Gerade im Gesundheitsbereich darf dabei nie vergessen werden, dass Sichtbarkeit nicht allein durch Technik entsteht. Medizinische Kommunikation ist immer auch Vertrauenskommunikation. Eine Anzeige mag Aufmerksamkeit erzeugen; die Entscheidung eines Patienten fällt jedoch häufig erst dann, wenn Website, Profil, Inhalte und Gesamteindruck fachliche Kompetenz und Verlässlichkeit vermitteln. Deshalb ist es gefährlich, Google Ads als Lösung für strukturelle Defizite zu betrachten. Eine unklare Positionierung, eine generische Startseite, fehlende Leistungsseiten oder schwache Vertrauenssignale lassen sich durch bezahlten Traffic nur begrenzt kompensieren.

Der sinnvollste Weg für viele Praxen ist daher weder „nur SEO“ noch „nur Ads“, sondern eine klare Reihenfolge. Zuerst braucht es strategische Klarheit: Welche Leistungen sollen sichtbar werden? Für welche Patienten? In welchen Regionen?

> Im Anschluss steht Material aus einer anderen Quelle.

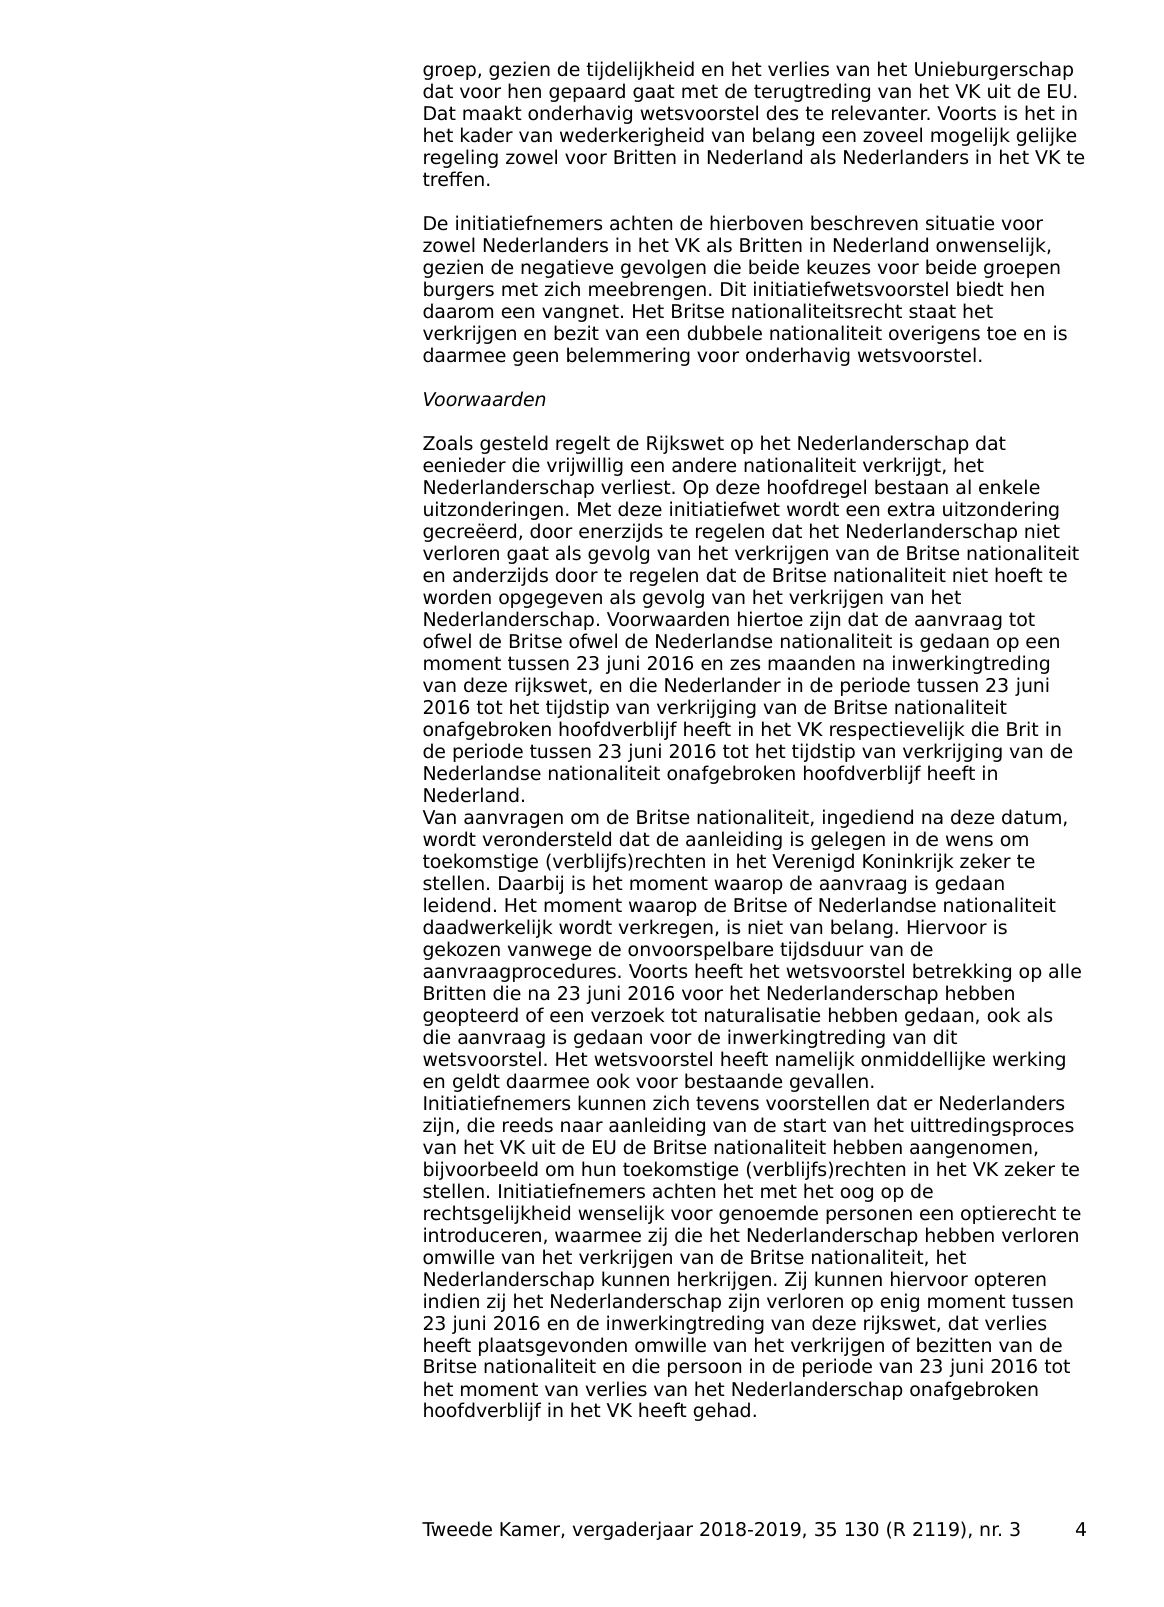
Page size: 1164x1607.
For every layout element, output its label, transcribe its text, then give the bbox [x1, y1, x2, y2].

text groep, gezien de tijdelijkheid en het verlies van het Unieburgerschap dat voor hen gepaard gaat met de terugtreding van het VK uit de EU. Dat maakt onderhavig wetsvoorstel des te relevanter. Voorts is het in het kader van wederkerigheid van belang een zoveel mogelijk gelijke regeling zowel voor Britten in Nederland als Nederlanders in het VK te treffen. [422, 59, 1087, 191]
text De initiatiefnemers achten de hierboven beschreven situatie voor zowel Nederlanders in het VK als Britten in Nederland onwenselijk, gezien de negatieve gevolgen die beide keuzes voor beide groepen burgers met zich meebrengen. Dit initiatiefwetsvoorstel biedt hen daarom een vangnet. Het Britse nationaliteitsrecht staat het verkrijgen en bezit van een dubbele nationaliteit overigens toe en is daarmee geen belemmering voor onderhavig wetsvoorstel. [422, 213, 1087, 367]
text Initiatiefnemers kunnen zich tevens voorstellen dat er Nederlanders zijn, die reeds naar aanleiding van de start van het uittredingsproces van het VK uit de EU de Britse nationaliteit hebben aangenomen, bijvoorbeeld om hun toekomstige (verblijfs)rechten in het VK zeker te stellen. Initiatiefnemers achten het met het oog op de rechtsgelijkheid wenselijk voor genoemde personen een optierecht te introduceren, waarmee zij die het Nederlanderschap hebben verloren omwille van het verkrijgen van de Britse nationaliteit, het Nederlanderschap kunnen herkrijgen. Zij kunnen hiervoor opteren indien zij het Nederlanderschap zijn verloren op enig moment tussen 23 juni 2016 en de inwerkingtreding van deze rijkswet, dat verlies heeft plaatsgevonden omwille van het verkrijgen of bezitten van de Britse nationaliteit en die persoon in de periode van 23 juni 2016 tot het moment van verlies van het Nederlanderschap onafgebroken hoofdverblijf in het VK heeft gehad. [422, 1093, 1087, 1422]
text Zoals gesteld regelt de Rijkswet op het Nederlanderschap dat eenieder die vrijwillig een andere nationaliteit verkrijgt, het Nederlanderschap verliest. Op deze hoofdregel bestaan al enkele uitzonderingen. Met deze initiatiefwet wordt een extra uitzondering gecreëerd, door enerzijds te regelen dat het Nederlanderschap niet verloren gaat als gevolg van het verkrijgen van de Britse nationaliteit en anderzijds door te regelen dat de Britse nationaliteit niet hoeft te worden opgegeven als gevolg van het verkrijgen van het Nederlanderschap. Voorwaarden hiertoe zijn dat de aanvraag tot ofwel de Britse ofwel de Nederlandse nationaliteit is gedaan op een moment tussen 23 juni 2016 en zes maanden na inwerkingtreding van deze rijkswet, en die Nederlander in de periode tussen 23 juni 2016 tot het tijdstip van verkrijging van de Britse nationaliteit onafgebroken hoofdverblijf heeft in het VK respectievelijk die Brit in de periode tussen 23 juni 2016 tot het tijdstip van verkrijging van de Nederlandse nationaliteit onafgebroken hoofdverblijf heeft in Nederland. [422, 433, 1087, 807]
text Van aanvragen om de Britse nationaliteit, ingediend na deze datum, wordt verondersteld dat de aanleiding is gelegen in de wens om toekomstige (verblijfs)rechten in het Verenigd Koninkrijk zeker te stellen. Daarbij is het moment waarop de aanvraag is gedaan leidend. Het moment waarop de Britse of Nederlandse nationaliteit daadwerkelijk wordt verkregen, is niet van belang. Hiervoor is gekozen vanwege de onvoorspelbare tijdsduur van de aanvraagprocedures. Voorts heeft het wetsvoorstel betrekking op alle Britten die na 23 juni 2016 voor het Nederlanderschap hebben geopteerd of een verzoek tot naturalisatie hebben gedaan, ook als die aanvraag is gedaan voor de inwerkingtreding van dit wetsvoorstel. Het wetsvoorstel heeft namelijk onmiddellijke werking en geldt daarmee ook voor bestaande gevallen. [422, 807, 1087, 1093]
subtitle Voorwaarden [422, 389, 1087, 411]
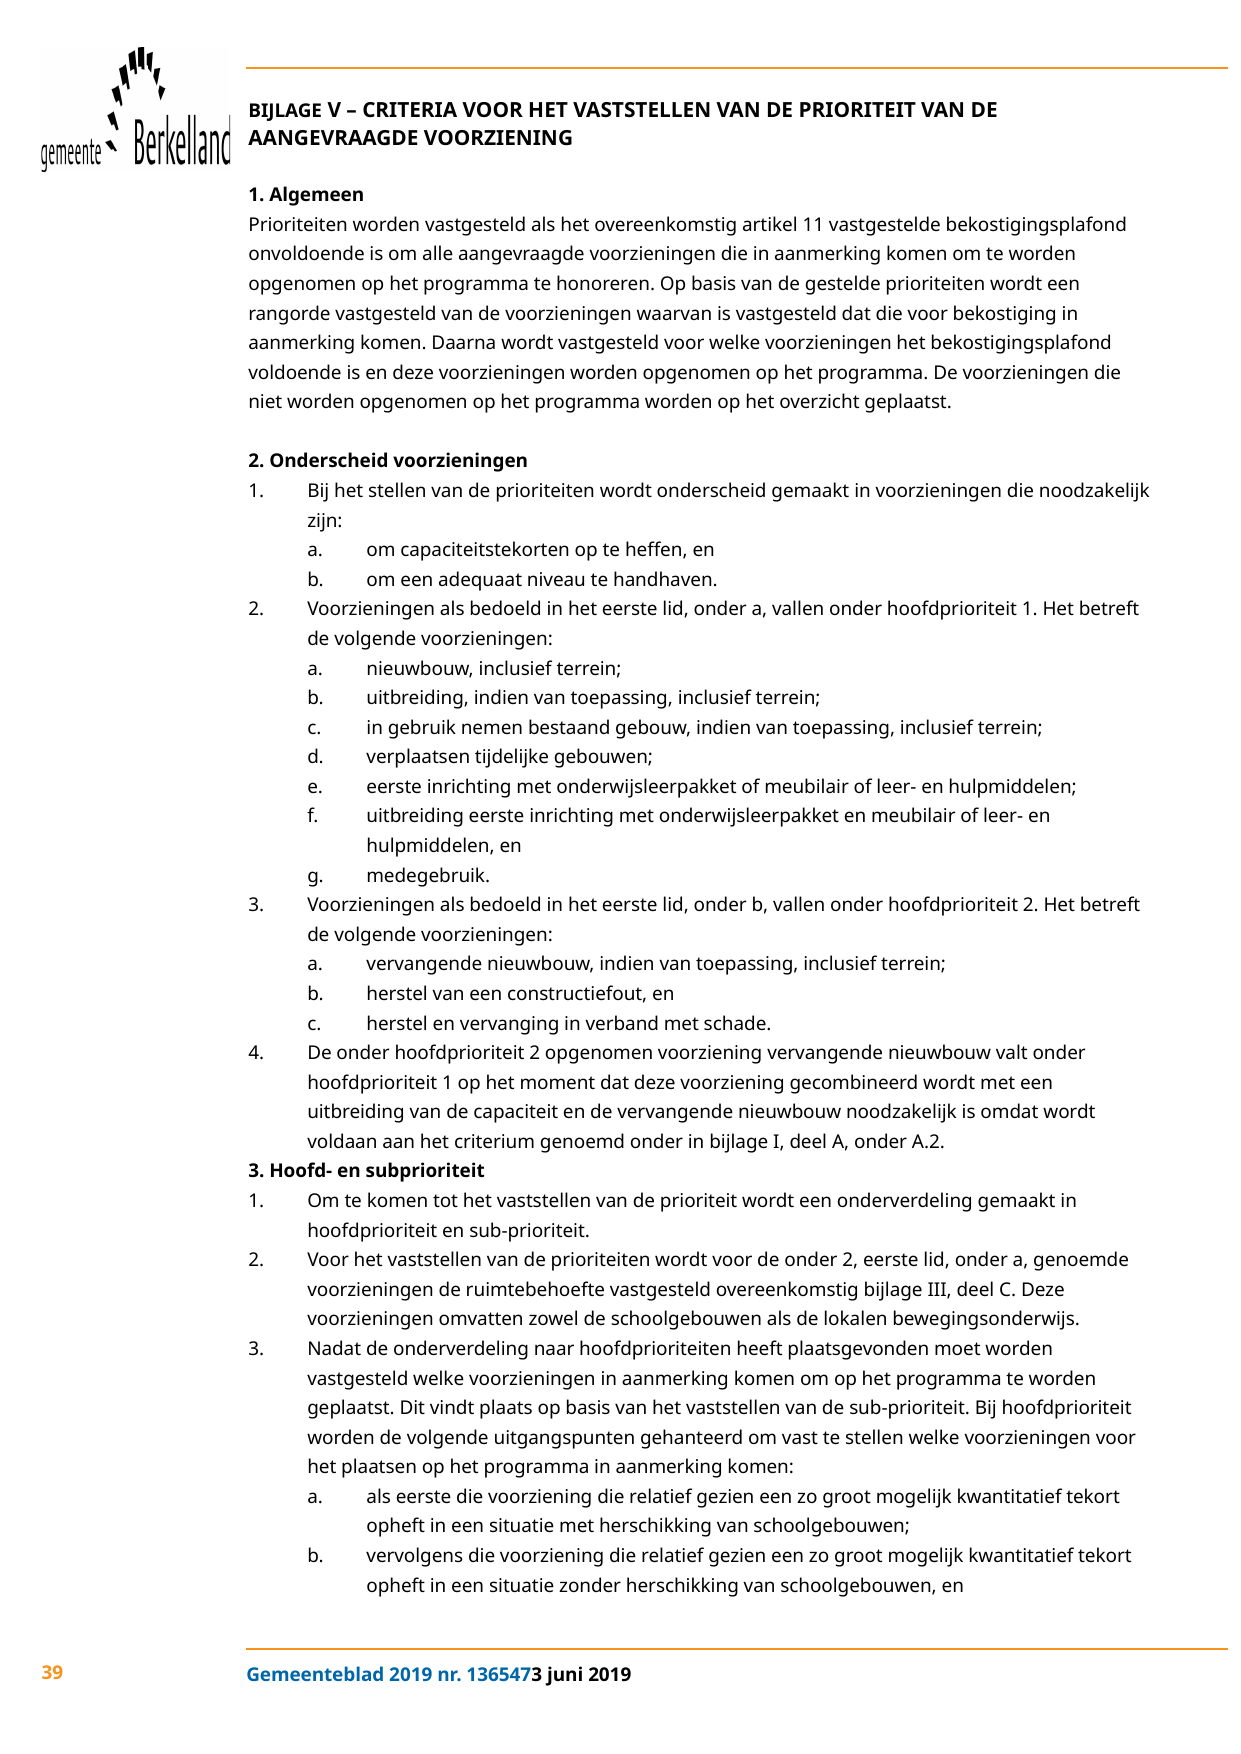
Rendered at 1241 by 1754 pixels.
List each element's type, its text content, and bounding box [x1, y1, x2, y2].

list vervolgens die voorziening die relatief gezien een zo groot mogelijk kwantitatief tekort opheft in een situatie zonder herschikking van schoolgebouwen, en [307, 1542, 1152, 1597]
list verplaatsen tijdelijke gebouwen; [307, 743, 1152, 769]
text Prioriteiten worden vastgesteld als het overeenkomstig artikel 11 vastgestelde bekostigingsplafond onvoldoende is om alle aangevraagde voorzieningen die in aanmerking komen om te worden opgenomen op het programma te honoreren. Op basis van de gestelde prioriteiten wordt een rangorde vastgesteld van de voorzieningen waarvan is vastgesteld dat die voor bekostiging in aanmerking komen. Daarna wordt vastgesteld voor welke voorzieningen het bekostigingsplafond voldoende is en deze voorzieningen worden opgenomen op het programma. De voorzieningen die niet worden opgenomen op het programma worden op het overzicht geplaatst. [248, 211, 1152, 414]
list uitbreiding eerste inrichting met onderwijsleerpakket en meubilair of leer- en hulpmiddelen, en [307, 803, 1152, 858]
text BIJLAGE V – CRITERIA VOOR HET VASTSTELLEN VAN DE PRIORITEIT VAN DE AANGEVRAAGDE VOORZIENING [248, 95, 1152, 152]
list Voorzieningen als bedoeld in het eerste lid, onder a, vallen onder hoofdprioriteit 1. Het betreft de volgende voorzieningen: [248, 596, 1152, 651]
list Bij het stellen van de prioriteiten wordt onderscheid gemaakt in voorzieningen die noodzakelijk zijn: [248, 477, 1152, 532]
list Om te komen tot het vaststellen van de prioriteit wordt een onderverdeling gemaakt in hoofdprioriteit en sub-prioriteit. [248, 1187, 1152, 1242]
picture [41, 47, 231, 172]
list vervangende nieuwbouw, indien van toepassing, inclusief terrein; [307, 951, 1152, 976]
text 1. Algemeen [248, 181, 1152, 207]
list in gebruik nemen bestaand gebouw, indien van toepassing, inclusief terrein; [307, 714, 1152, 739]
text 3. Hoofd- en subprioriteit [248, 1158, 1152, 1183]
list nieuwbouw, inclusief terrein; [307, 655, 1152, 680]
list herstel van een constructiefout, en [307, 980, 1152, 1006]
list uitbreiding, indien van toepassing, inclusief terrein; [307, 684, 1152, 710]
list Voor het vaststellen van de prioriteiten wordt voor de onder 2, eerste lid, onder a, genoemde voorzieningen de ruimtebehoefte vastgesteld overeenkomstig bijlage III, deel C. Deze voorzieningen omvatten zowel de schoolgebouwen als de lokalen bewegingsonderwijs. [248, 1246, 1152, 1331]
list De onder hoofdprioriteit 2 opgenomen voorziening vervangende nieuwbouw valt onder hoofdprioriteit 1 op het moment dat deze voorziening gecombineerd wordt met een uitbreiding van de capaciteit en de vervangende nieuwbouw noodzakelijk is omdat wordt voldaan aan het criterium genoemd onder in bijlage I, deel A, onder A.2. [248, 1039, 1152, 1154]
text 2. Onderscheid voorzieningen [248, 448, 1152, 473]
list Nadat de onderverdeling naar hoofdprioriteiten heeft plaatsgevonden moet worden vastgesteld welke voorzieningen in aanmerking komen om op het programma te worden geplaatst. Dit vindt plaats op basis van het vaststellen van de sub-prioriteit. Bij hoofdprioriteit worden de volgende uitgangspunten gehanteerd om vast te stellen welke voorzieningen voor het plaatsen op het programma in aanmerking komen: [248, 1335, 1152, 1479]
list om capaciteitstekorten op te heffen, en [307, 536, 1152, 562]
list Voorzieningen als bedoeld in het eerste lid, onder b, vallen onder hoofdprioriteit 2. Het betreft de volgende voorzieningen: [248, 891, 1152, 947]
list eerste inrichting met onderwijsleerpakket of meubilair of leer- en hulpmiddelen; [307, 773, 1152, 799]
list herstel en vervanging in verband met schade. [307, 1010, 1152, 1035]
list als eerste die voorziening die relatief gezien een zo groot mogelijk kwantitatief tekort opheft in een situatie met herschikking van schoolgebouwen; [307, 1483, 1152, 1538]
list om een adequaat niveau te handhaven. [307, 566, 1152, 592]
list medegebruik. [307, 862, 1152, 887]
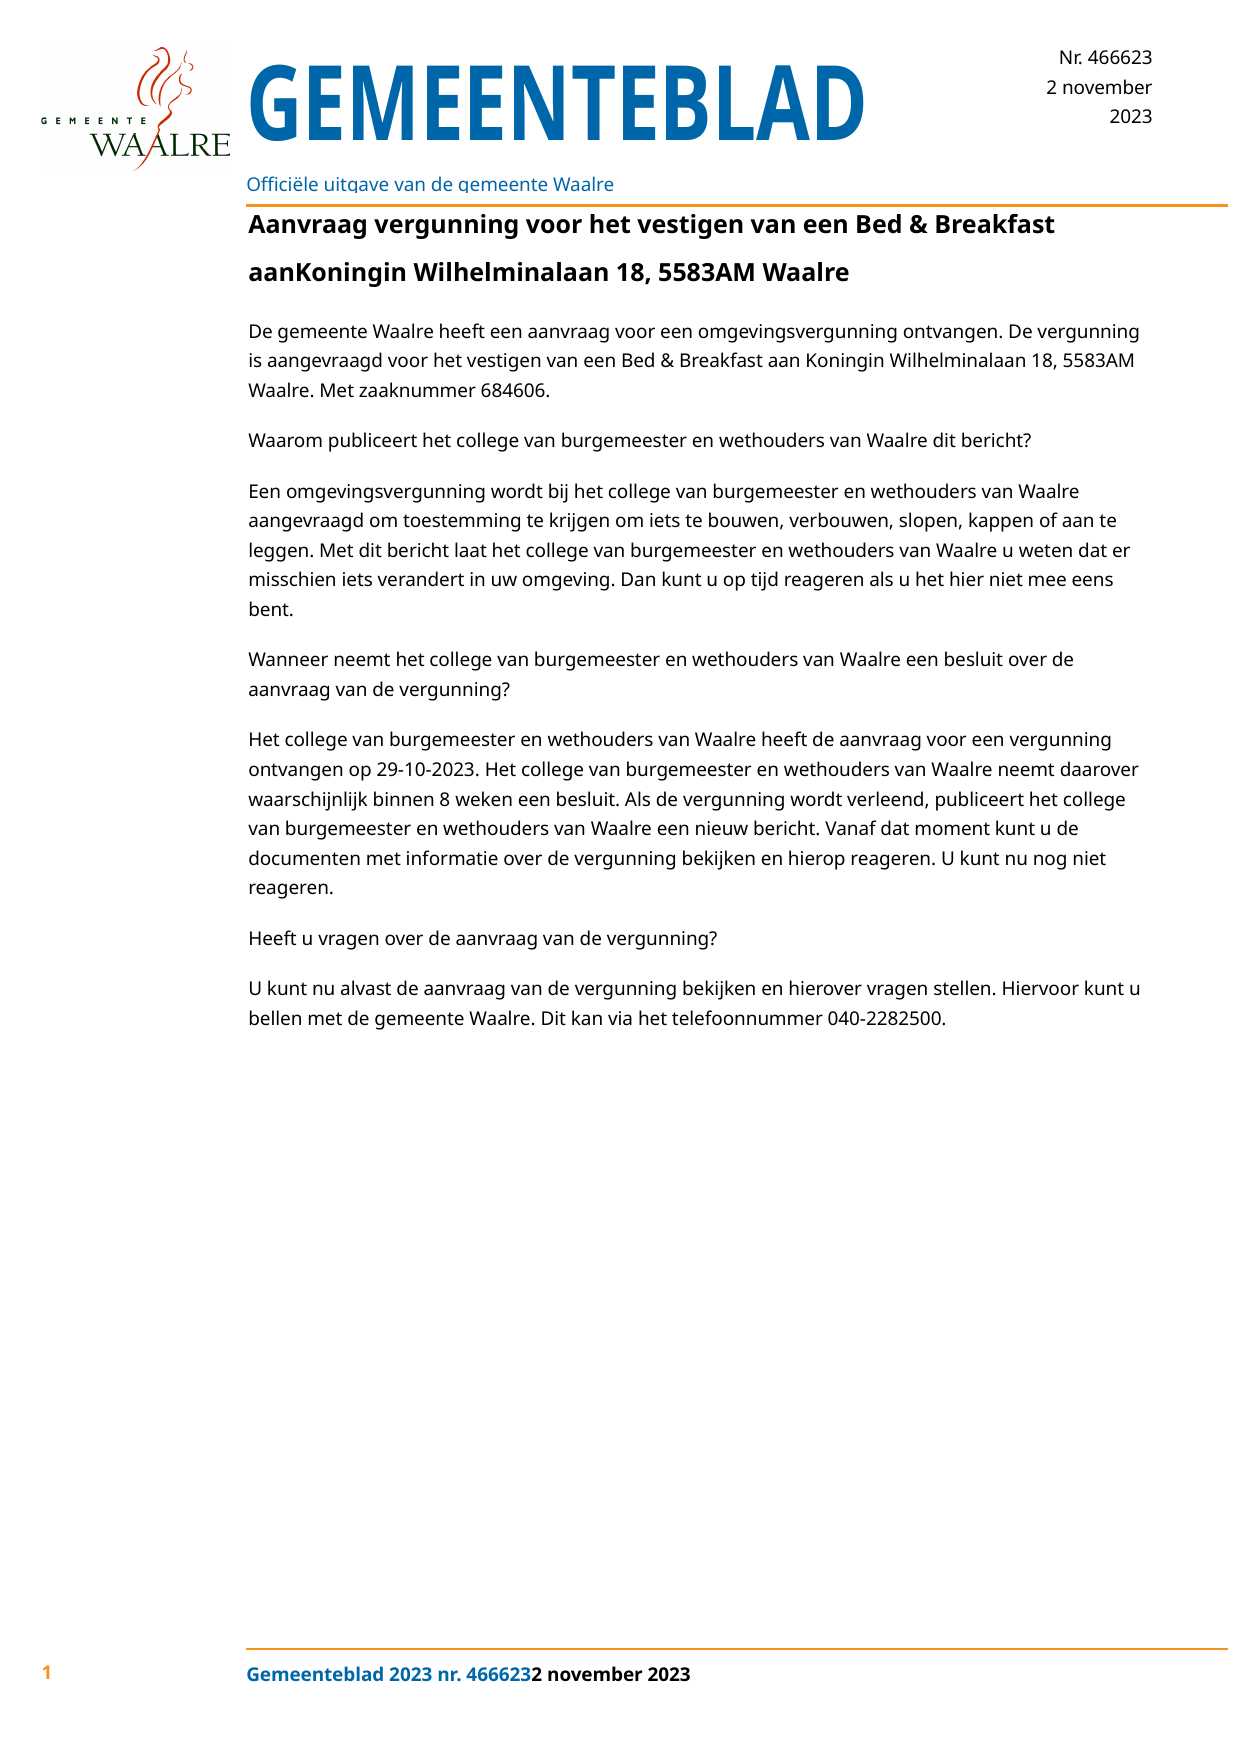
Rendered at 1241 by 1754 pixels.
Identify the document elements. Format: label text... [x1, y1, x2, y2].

text Aanvraag vergunning voor het vestigen van een Bed & Breakfast aanKoningin Wilhelminalaan 18, 5583AM Waalre [248, 207, 1152, 288]
text Wanneer neemt het college van burgemeester en wethouders van Waalre een besluit over de aanvraag van de vergunning? [248, 647, 1152, 702]
picture [41, 47, 231, 172]
text Een omgevingsvergunning wordt bij het college van burgemeester en wethouders van Waalre aangevraagd om toestemming te krijgen om iets te bouwen, verbouwen, slopen, kappen of aan te leggen. Met dit bericht laat het college van burgemeester en wethouders van Waalre u weten dat er misschien iets verandert in uw omgeving. Dan kunt u op tijd reageren als u het hier niet mee eens bent. [248, 478, 1152, 622]
text De gemeente Waalre heeft een aanvraag voor een omgevingsvergunning ontvangen. De vergunning is aangevraagd voor het vestigen van een Bed & Breakfast aan Koningin Wilhelminalaan 18, 5583AM Waalre. Met zaaknummer 684606. [248, 318, 1152, 403]
text U kunt nu alvast de aanvraag van de vergunning bekijken en hierover vragen stellen. Hiervoor kunt u bellen met de gemeente Waalre. Dit kan via het telefoonnummer 040-2282500. [248, 975, 1152, 1031]
text Heeft u vragen over de aanvraag van de vergunning? [248, 925, 1152, 951]
text Waarom publiceert het college van burgemeester en wethouders van Waalre dit bericht? [248, 427, 1152, 453]
text Het college van burgemeester en wethouders van Waalre heeft de aanvraag voor een vergunning ontvangen op 29-10-2023. Het college van burgemeester en wethouders van Waalre neemt daarover waarschijnlijk binnen 8 weken een besluit. Als de vergunning wordt verleend, publiceert het college van burgemeester en wethouders van Waalre een nieuw bericht. Vanaf dat moment kunt u de documenten met informatie over de vergunning bekijken en hierop reageren. U kunt nu nog niet reageren. [248, 727, 1152, 900]

Danach folgt die digitale Infrastruktur: klare Website-Struktur, belastbare Leistungsseiten, gepflegte lokale Profile und sinnvolles Tracking. Erst darauf aufbauend entfalten SEO und Google Ads ihre eigentliche Wirkung. Ads können dann kurzfristig Nachfrage adressieren und Erkenntnisse liefern; SEO kann diese Erkenntnisse in nachhaltige Sichtbarkeit und thematische Autorität übersetzen.

Am Ende ist der Unterschied einfach, auch wenn seine Konsequenzen groß sind: Google Ads ist die steuerbare Akutintervention, SEO die langfristige Infrastruktur. Beide gehören nicht in Konkurrenz, sondern in ein gemeinsames System. Wer das versteht, wird Marketing für Arztpraxen nicht mehr als Sammlung einzelner Kanäle betrachten, sondern als präzise abgestimmtes Zusammenspiel von Relevanz, Vertrauen und Sichtbarkeit.


Quellen

Google Ads Help, „About Ad Rank“ und „Auction“: Google erläutert, dass Anzeigenpositionen nicht nur vom Gebot, sondern auch von Qualitätsfaktoren, Kontext und erwarteter Wirkung von Assets abhängen. 

Google Ads Help, „About ad quality“ und „About Quality Score for Search campaigns“: Google beschreibt Anzeigenqualität und die Relevanz von Landingpages als wichtige Performancefaktoren. 

Google Search Central, „Creating helpful, reliable, people-first content“ sowie Informationen zu E-E-A-T: Google betont hilfreiche, verlässliche, nutzerorientierte Inhalte als Grundlage guter Sichtbarkeit, besonders in sensiblen Themenfeldern.